◆ INPUT RECORDS:
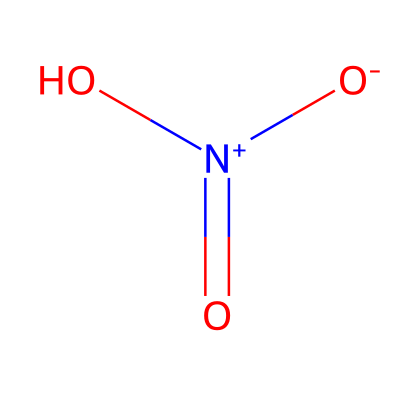What is the main functional group present in this structure? The chemical structure contains a nitro group, which is characterized by the presence of the nitrogen atom bonded to two oxygen atoms, one of which is positively charged and the other negatively charged.
Answer: nitro group How many oxygen atoms are in this chemical structure? By examining the structure, there are two oxygen atoms bonded to the nitrogen atom and one additional oxygen atom as part of the nitro functional group, for a total of three oxygen atoms.
Answer: three What is the oxidation state of nitrogen in this molecule? The nitrogen atom is bonded to three different oxygen atoms, with one of them being negatively charged and the others contributing to its oxidation state. The common oxidation state of nitrogen in this structure is +3.
Answer: +3 How many total atoms are present in this molecule? The molecule contains one nitrogen atom and three oxygen atoms, which adds up to a total of four atoms in the structure.
Answer: four What type of gas does this chemical primarily create in urban pollution? This chemical, which is nitrogen oxide, is primarily responsible for creating smog and contributing to the formation of acid rain, common in urban pollution scenarios.
Answer: nitrogen oxide Is this chemical likely to affect urban air quality? Yes, nitrogen oxides are known to be pollutants that can significantly deteriorate urban air quality, contributing to respiratory problems and environmental issues like ozone formation.
Answer: yes 
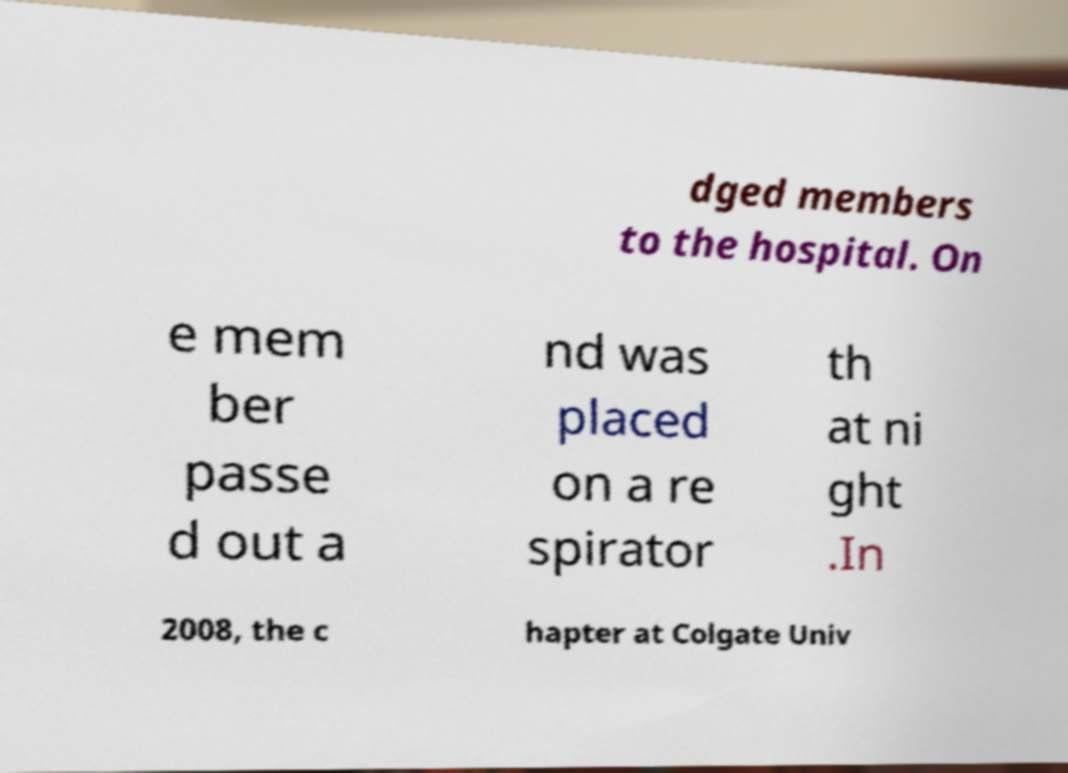Can you accurately transcribe the text from the provided image for me? dged members to the hospital. On e mem ber passe d out a nd was placed on a re spirator th at ni ght .In 2008, the c hapter at Colgate Univ 
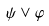<formula> <loc_0><loc_0><loc_500><loc_500>\psi \vee \varphi</formula>

◆ WORK TO BE COMPLETED:
Search the entries for "formation" and show every line that has it.

◆ RESPONSE FOR THIS EXERCISE:
Answer: four What type of gas does this chemical primarily create in urban pollution? This chemical, which is nitrogen oxide, is primarily responsible for creating smog and contributing to the formation of acid rain, common in urban pollution scenarios.
Answer: nitrogen oxide Is this chemical likely to affect urban air quality? Yes, nitrogen oxides are known to be pollutants that can significantly deteriorate urban air quality, contributing to respiratory problems and environmental issues like ozone formation.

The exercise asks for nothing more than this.